一本一本に精密なソールグラインドが施された「ミルドグラインドソール」

―ハイヒールにした意図は?
「同社が、並行モデル『ハイ・トウ ロウ ウェッジ』と明確にすみ分けしたかったのだと思います。私はヒール側の低い=いわゆる洋顔のシルエットに慣れているせいか、構えにくく感じてしまいましたが、フェースの開閉を抑えたり、トウ側でボールを操作したい人には向いているのかもしれません。どちらにしても、多くの他モデルとは異質で特別枠と言えます。つながりで言っても、アイアンの『P』シリーズとも異なり、ウェッジのみに特化した独特の形状に仕上がっています」

バックフェースのデザインはシンプルに 「MG3」ロゴはヒール側に移動

―前作「ミルドグラインド 2 ウェッジ(以下MG2)」と比べてどう?
「オーソドックスな形状の『MG2』のほうが、構えやすく感じます。また『MG2』と比べて、フェースプログレッション(FP値:シャフトからフェース下部の刃までの距離)が小さく、フェースの向きが把握しにくい。元々ウェッジは、リーディングエッジ(フェース下部の刃)が丸くできているためターゲットに合わせにくいのですが、それ以上に困難に感じてしまいました」

フェースに搭載されたバー状の突起「レイズドマイクロリブ」

―スピン性能は?
「スピンはよく効いていると思います。『MG2』と同じノンメッキで、イメージ以上にスピン量は多く、ソールの抜けも良い。思い通りにスピンコントロールができる感覚を味わえます。他社モデルで言うと、キャロウェイ『JAWS ウェッジ』に匹敵する性能の高さ。

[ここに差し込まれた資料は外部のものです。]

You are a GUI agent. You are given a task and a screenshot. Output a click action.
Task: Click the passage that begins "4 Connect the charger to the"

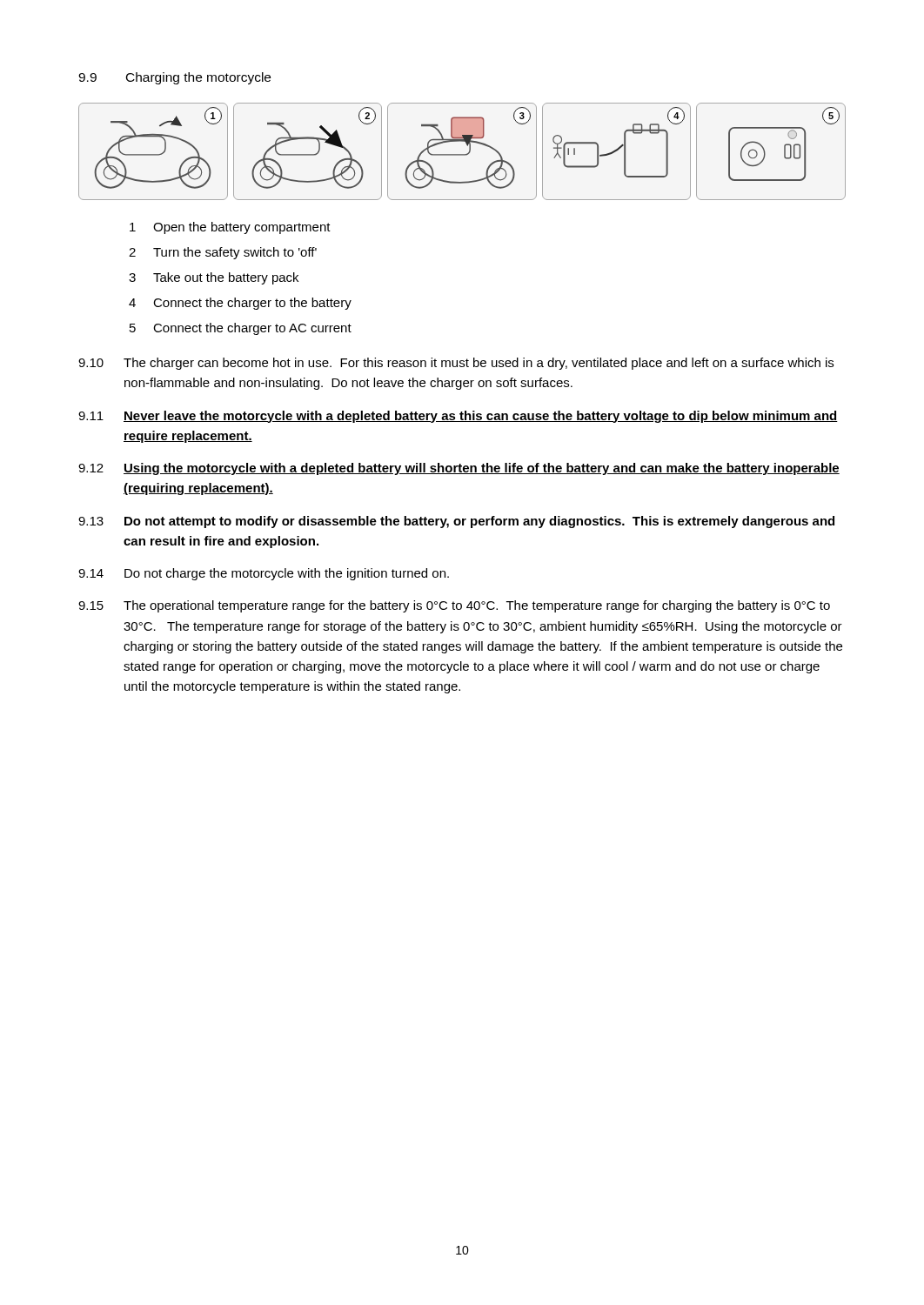(240, 302)

大手メーカーでスピンがかかる代表格といえば、この2モデルと言えるのではないでしょうか」

「構えにくさは否めないが スピン性能とソールの抜けは文句なし」と筒

―どのような人向き?
「基本的にフェースを開かないで使う人。また、ハンドファースト気味に構えて、ボールをトウ側に置く人向きと言えます。ハンドファーストに構える人は、リーディングエッジが地面に着くケースが多い分、ヒール側が低いと、どうしてもソールが邪魔になる。ヒール側が高く、しかもソールの抜けがいい『MG3』であれば、入射角が鋭くてダフリのミスの多い人こそ、恩恵を受けやすい気がします」

構えやすさ3点△ 抜け感5点◎【総合評価4.2点】

【スピン性能】4.5
【打 感】4.0
【抜け感】5.0
【バンカー対応力】4.5
【構えやすさ】3.0

・ロフト角:52度、56度(どちらもSB=スタンダードバウンス)
・シャフト:ダイナミックゴールド 120(硬さS200)
・使用ボール:川口グリーンゴルフ専用レンジボール

取材協力/トラックマンジャパン株式会社、川口グリーンゴルフ

■ 筒 康博(つつ・やすひろ) プロフィール

スイングとギアの両面から計測&解析を生かし、プロアマ問わず8万人以上のゴルファーにアドバイス。インドアゴルフ「ゴルフレンジKz亀戸店」のヘッドティーチャーを務める傍ら、様々なメディアにも出演中。大人のゴルフ選びフィッティングWEBマガジン「FITTING」編集長として自ら取材も行う。